Besides nitrogen, phosphorus (P) is the major limiting nutrient of terrestrial primary productivity, with major P stocks being bound in soils. Stocks, speciation, and bioavailability of soil P differ among ecosystem types and with rock weathering status, which are both driven by climatic conditions. Microorganisms and plants have developed a range of strategies to mobilize P from organic and inorganic sources, e.g. expression of extracellular phosphatases and excretion of low-molecular-weight organic acids (LMWOA). However, the impact of precipitation, vegetation type, and soil P speciation on plant P acquisition strategies is not well understood, yet.

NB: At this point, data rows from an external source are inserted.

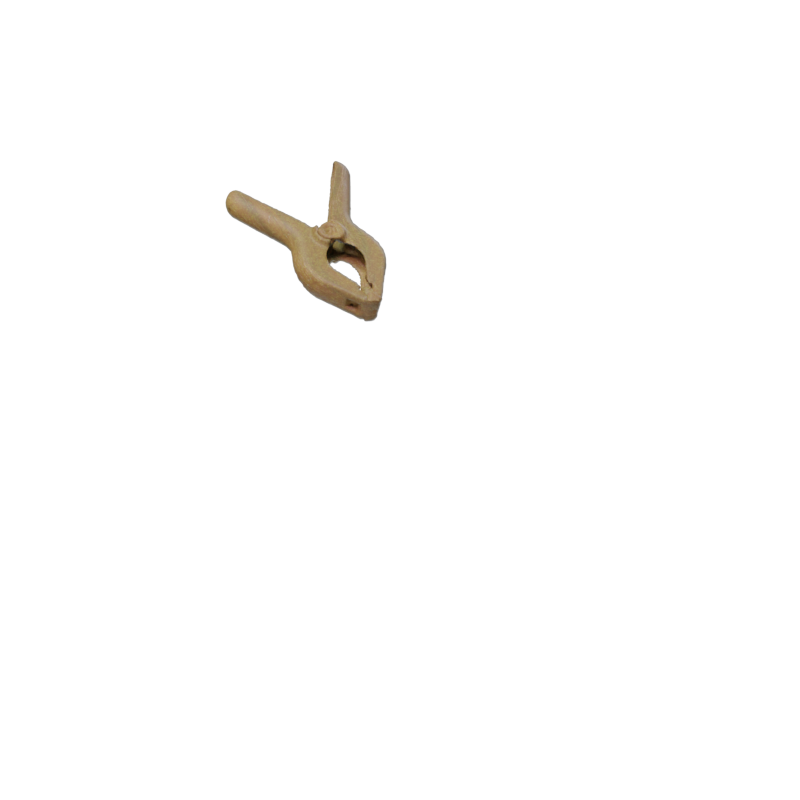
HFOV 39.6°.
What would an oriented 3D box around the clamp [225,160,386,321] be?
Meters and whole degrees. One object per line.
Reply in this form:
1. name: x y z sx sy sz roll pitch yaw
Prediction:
1. clamp: -0.075 -0.136 0.952 0.119 0.185 0.036 -16 -38 -14
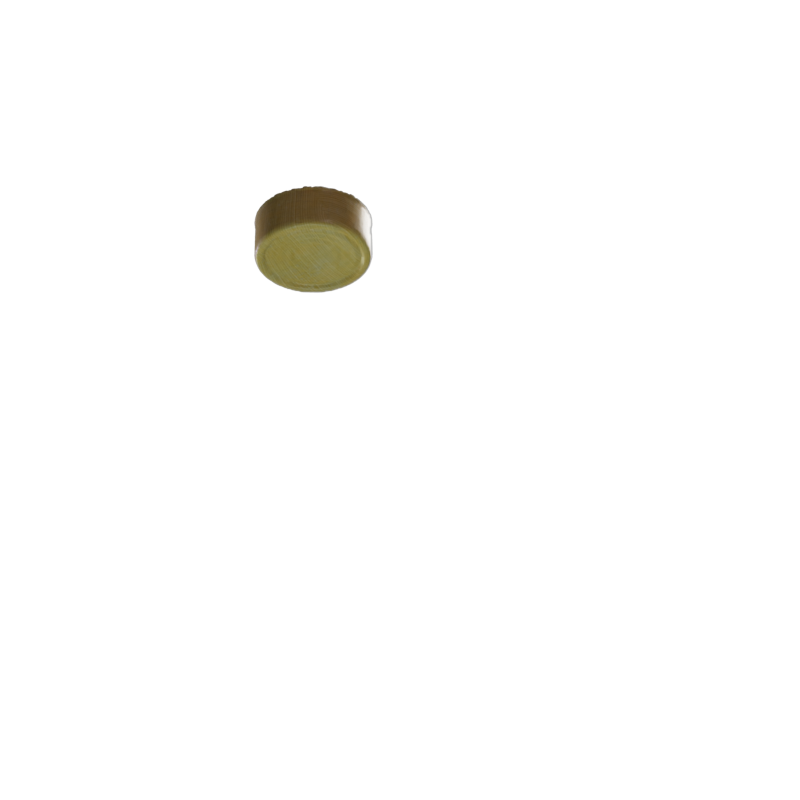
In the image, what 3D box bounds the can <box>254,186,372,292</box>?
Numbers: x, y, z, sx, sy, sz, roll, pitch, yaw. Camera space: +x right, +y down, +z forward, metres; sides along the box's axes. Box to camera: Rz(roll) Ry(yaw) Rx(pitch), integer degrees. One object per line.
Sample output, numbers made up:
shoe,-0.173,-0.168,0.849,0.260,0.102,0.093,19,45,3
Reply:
can,-0.062,-0.114,0.797,0.086,0.036,0.080,1,-32,-2
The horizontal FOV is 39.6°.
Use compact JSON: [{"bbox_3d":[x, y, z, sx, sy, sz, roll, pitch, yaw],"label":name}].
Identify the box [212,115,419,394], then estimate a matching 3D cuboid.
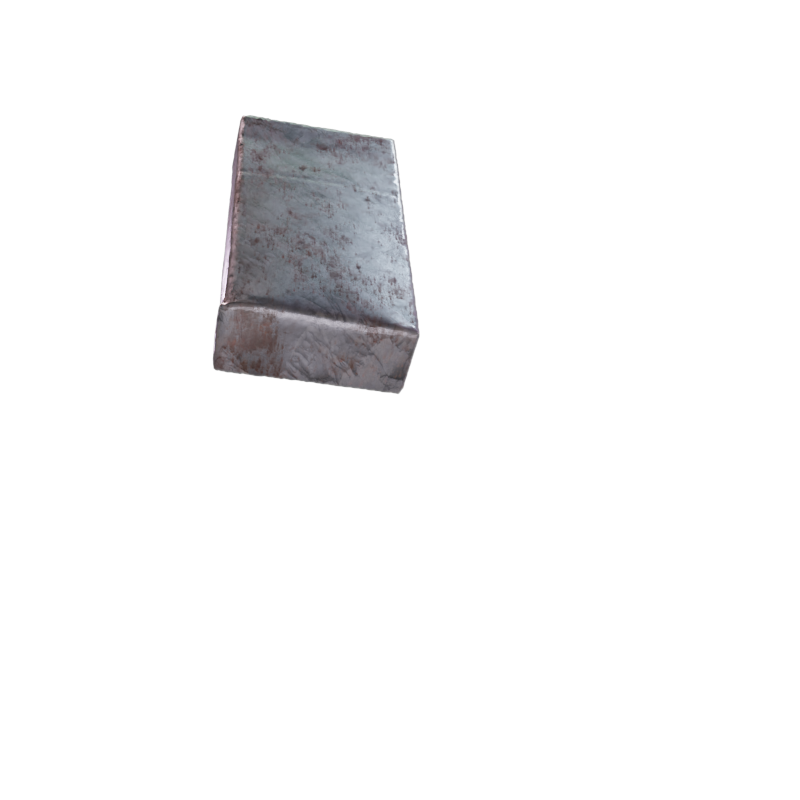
[{"bbox_3d":[-0.045,-0.082,0.579,0.092,0.045,0.189,7,37,-9],"label":"box"}]
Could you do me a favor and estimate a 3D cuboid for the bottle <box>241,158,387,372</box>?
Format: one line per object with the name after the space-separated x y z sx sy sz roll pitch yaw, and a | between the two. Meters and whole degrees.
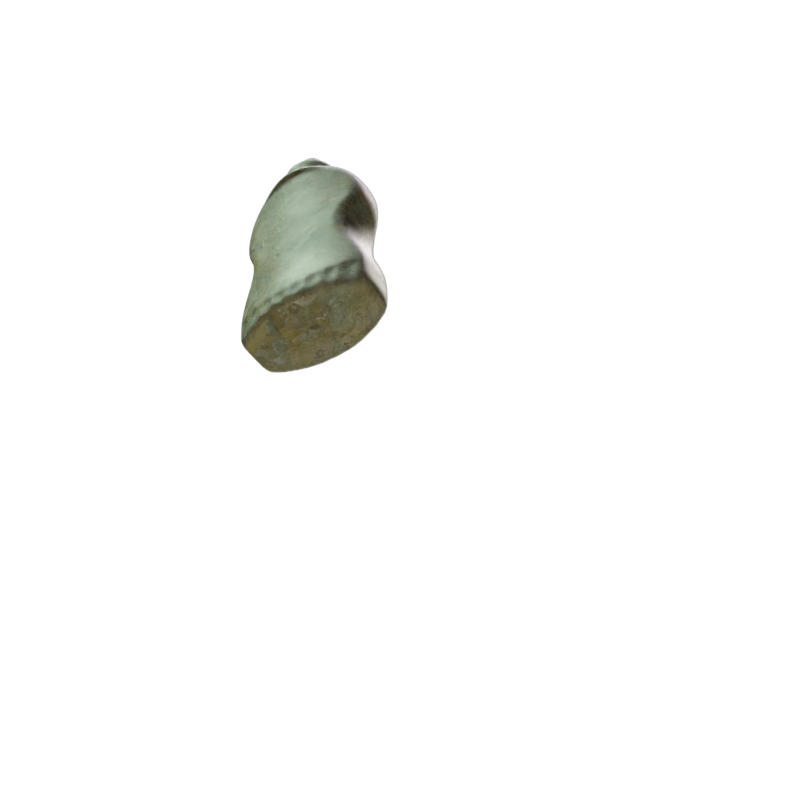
-0.060 -0.109 0.765 0.096 0.206 0.054 -29 -54 20 | bottle
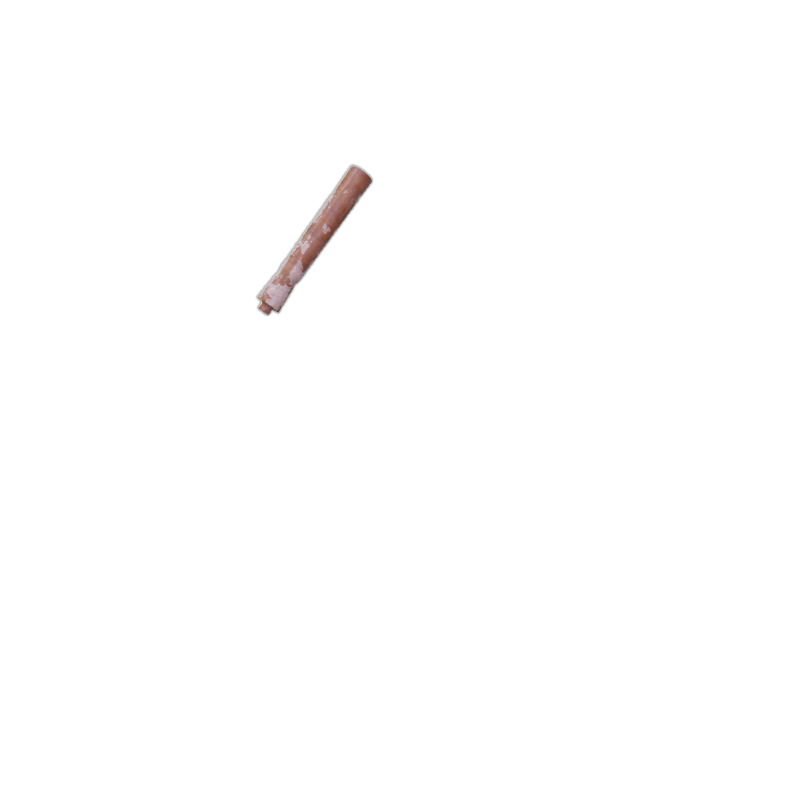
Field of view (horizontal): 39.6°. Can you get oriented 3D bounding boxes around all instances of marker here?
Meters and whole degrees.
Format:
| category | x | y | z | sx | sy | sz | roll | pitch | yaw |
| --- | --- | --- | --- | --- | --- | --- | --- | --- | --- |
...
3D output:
| category | x | y | z | sx | sy | sz | roll | pitch | yaw |
| --- | --- | --- | --- | --- | --- | --- | --- | --- | --- |
| marker | -0.061 | -0.110 | 0.773 | 0.020 | 0.122 | 0.019 | 34 | -9 | 2 |
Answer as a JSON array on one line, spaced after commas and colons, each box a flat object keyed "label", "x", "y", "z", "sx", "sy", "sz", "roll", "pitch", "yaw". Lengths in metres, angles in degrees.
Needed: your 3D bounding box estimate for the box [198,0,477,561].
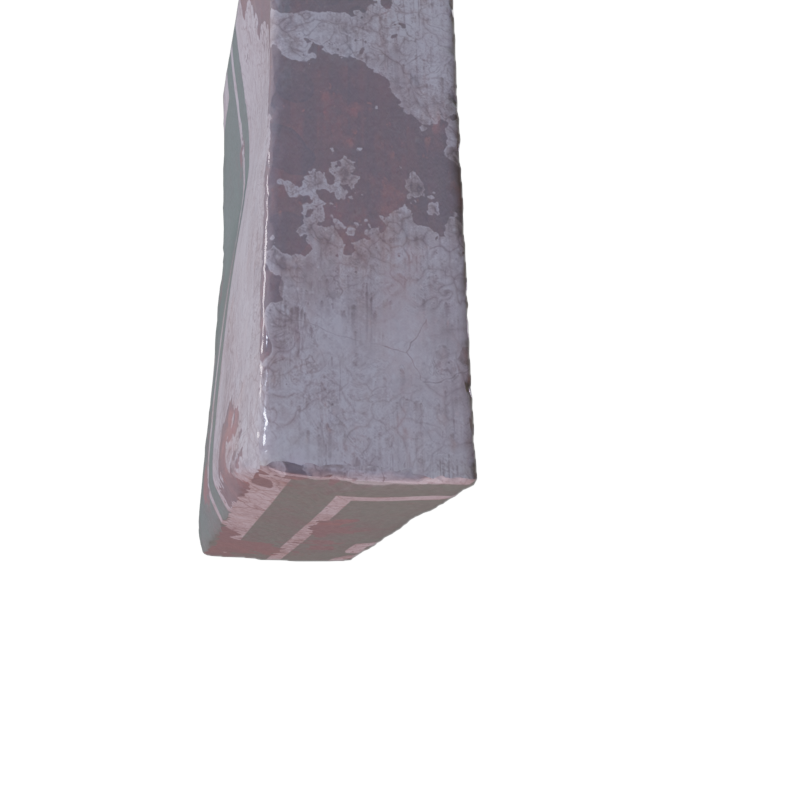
[{"label": "box", "x": -0.033, "y": -0.059, "z": 0.416, "sx": 0.071, "sy": 0.225, "sz": 0.159, "roll": 4, "pitch": -20, "yaw": -14}]
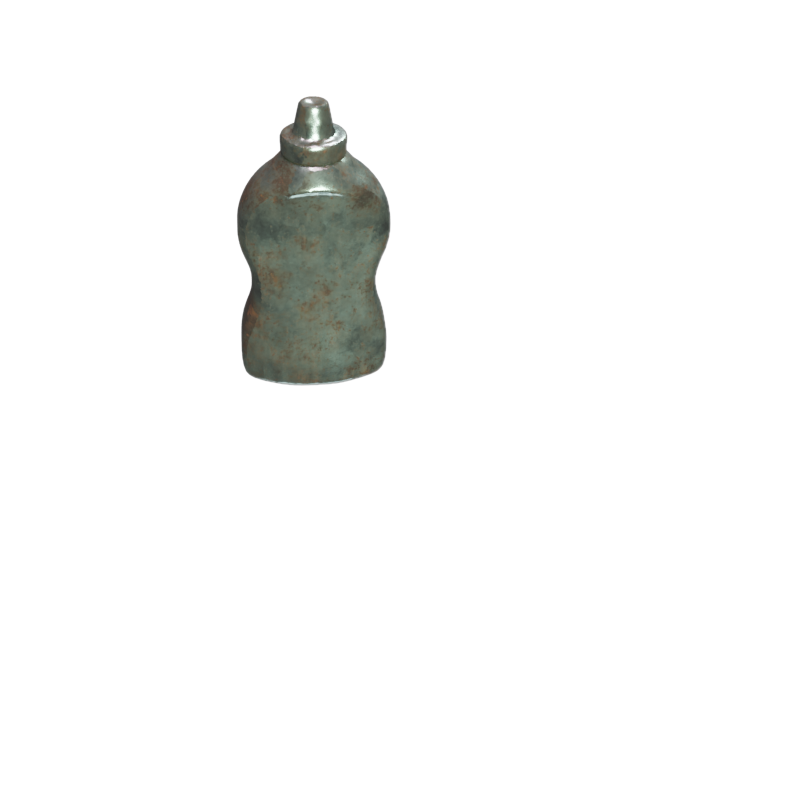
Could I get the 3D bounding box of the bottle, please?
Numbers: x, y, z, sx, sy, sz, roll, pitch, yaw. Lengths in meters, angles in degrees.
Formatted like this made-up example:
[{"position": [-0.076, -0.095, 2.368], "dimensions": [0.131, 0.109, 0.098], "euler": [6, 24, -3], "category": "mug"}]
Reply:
[{"position": [-0.055, -0.101, 0.703], "dimensions": [0.096, 0.180, 0.062], "euler": [-1, 34, -4], "category": "bottle"}]
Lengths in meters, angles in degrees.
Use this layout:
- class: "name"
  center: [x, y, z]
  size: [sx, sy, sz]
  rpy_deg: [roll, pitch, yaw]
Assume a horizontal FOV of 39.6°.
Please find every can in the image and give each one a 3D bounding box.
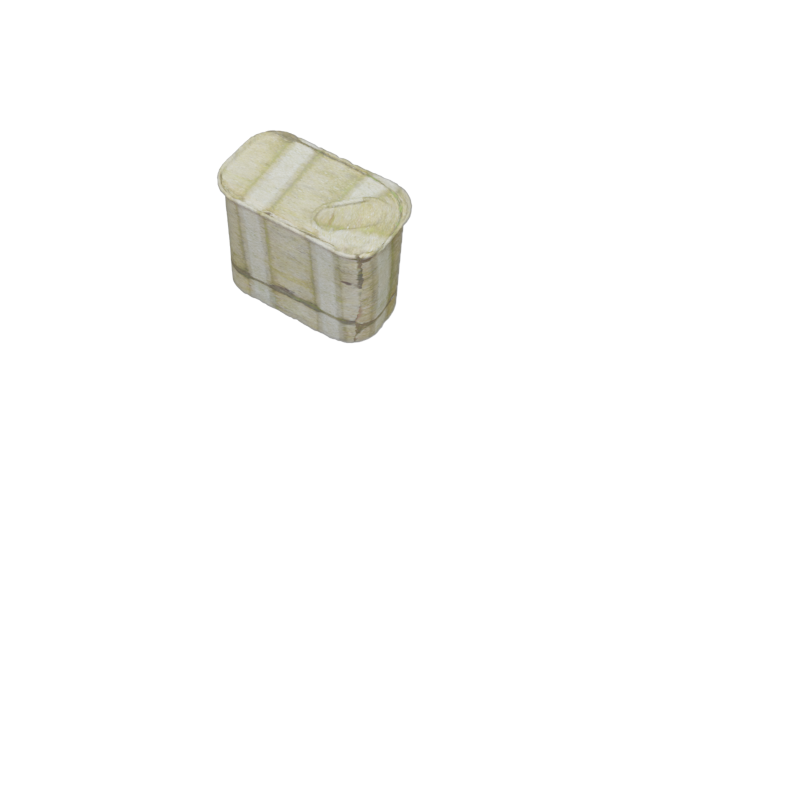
- class: "can"
  center: [-0.047, -0.087, 0.607]
  size: [0.106, 0.059, 0.078]
  rpy_deg: [29, -33, 18]
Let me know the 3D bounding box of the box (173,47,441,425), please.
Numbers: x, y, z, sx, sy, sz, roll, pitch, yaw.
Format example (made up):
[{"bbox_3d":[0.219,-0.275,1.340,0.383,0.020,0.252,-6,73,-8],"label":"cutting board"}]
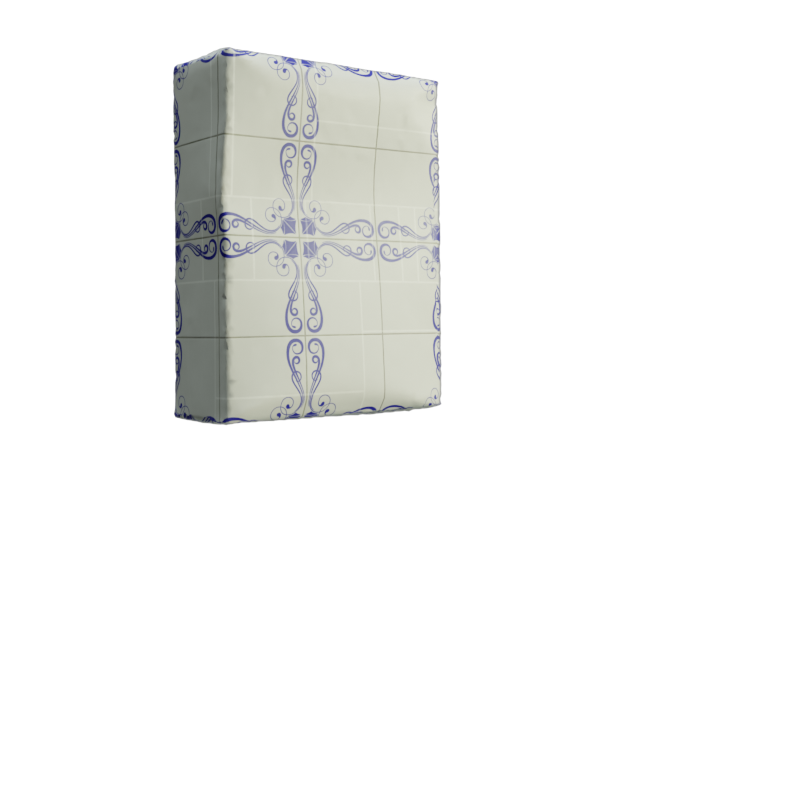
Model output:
[{"bbox_3d":[-0.053,-0.098,0.683,0.158,0.215,0.074,0,-3,-37],"label":"box"}]
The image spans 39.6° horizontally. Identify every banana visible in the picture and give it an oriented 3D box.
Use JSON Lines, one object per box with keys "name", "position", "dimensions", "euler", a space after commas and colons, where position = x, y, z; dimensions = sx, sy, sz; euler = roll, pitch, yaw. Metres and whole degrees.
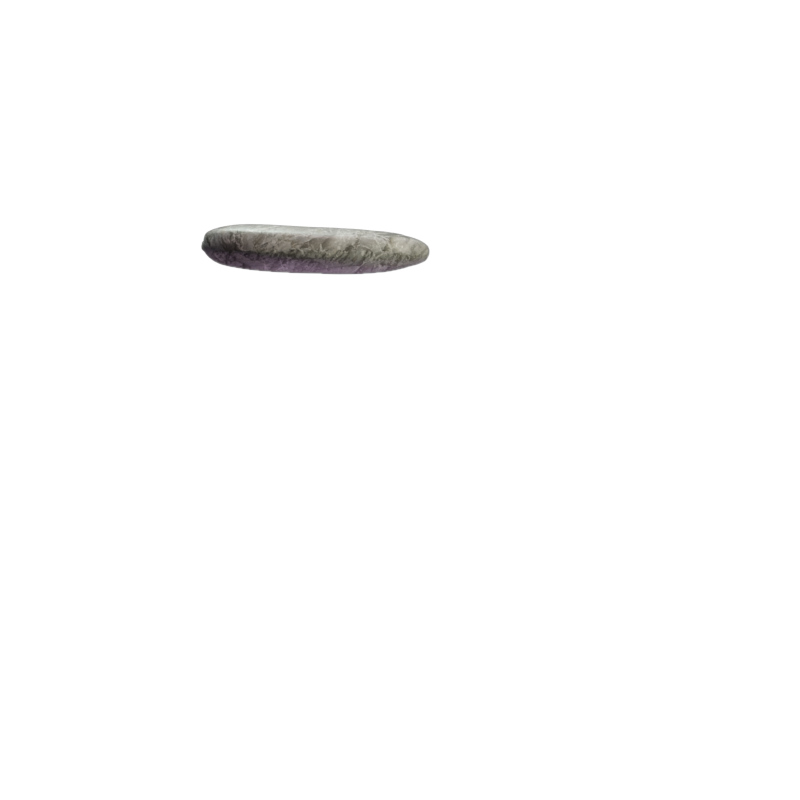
{"name": "banana", "position": [-0.079, -0.124, 0.893], "dimensions": [0.202, 0.035, 0.071], "euler": [5, 19, 15]}
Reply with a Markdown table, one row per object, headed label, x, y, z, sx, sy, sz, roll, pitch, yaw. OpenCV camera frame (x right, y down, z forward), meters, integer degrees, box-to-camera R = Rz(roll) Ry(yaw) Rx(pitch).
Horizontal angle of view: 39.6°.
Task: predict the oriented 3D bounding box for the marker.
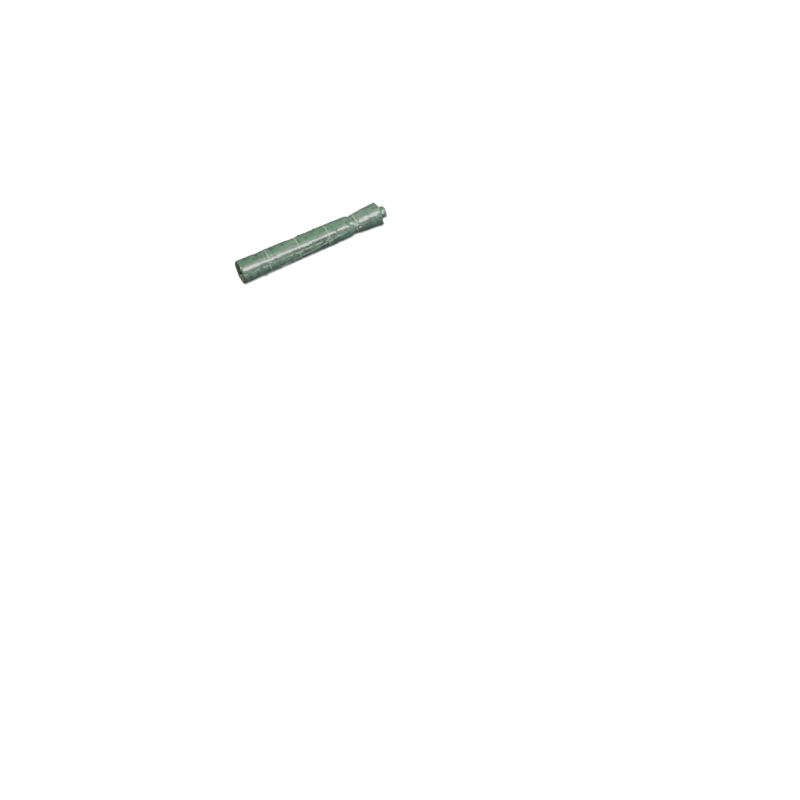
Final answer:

A semi-desert-to-humid-temperate-rainforest ecosystem sequence was investigated. Soil samples were taken from three sampling sites, all developed on granodiorite, comprising a precipitation gradient (66 mm a-1 to 1469 mm a-1) along the Chilean Coastal Cordillera. Small-scale gradients (mm) from single roots to bulk soil in three depths were sampled to examine changes in P speciation, enabling the identification of local P depletion by plant roots and differences in P-speciation between rhizosphere and non-rhizosphere soil. Phosphorus speciation was examined by X-ray absorption near edge structure analysis. LMWOA as biotic weathering agents, and acid phosphatase kinetics as proxy for organic P recycling, were quantified. The aim was to disentangle the impact and functions of roots and associated microorganisms on driving agents of P-cycling.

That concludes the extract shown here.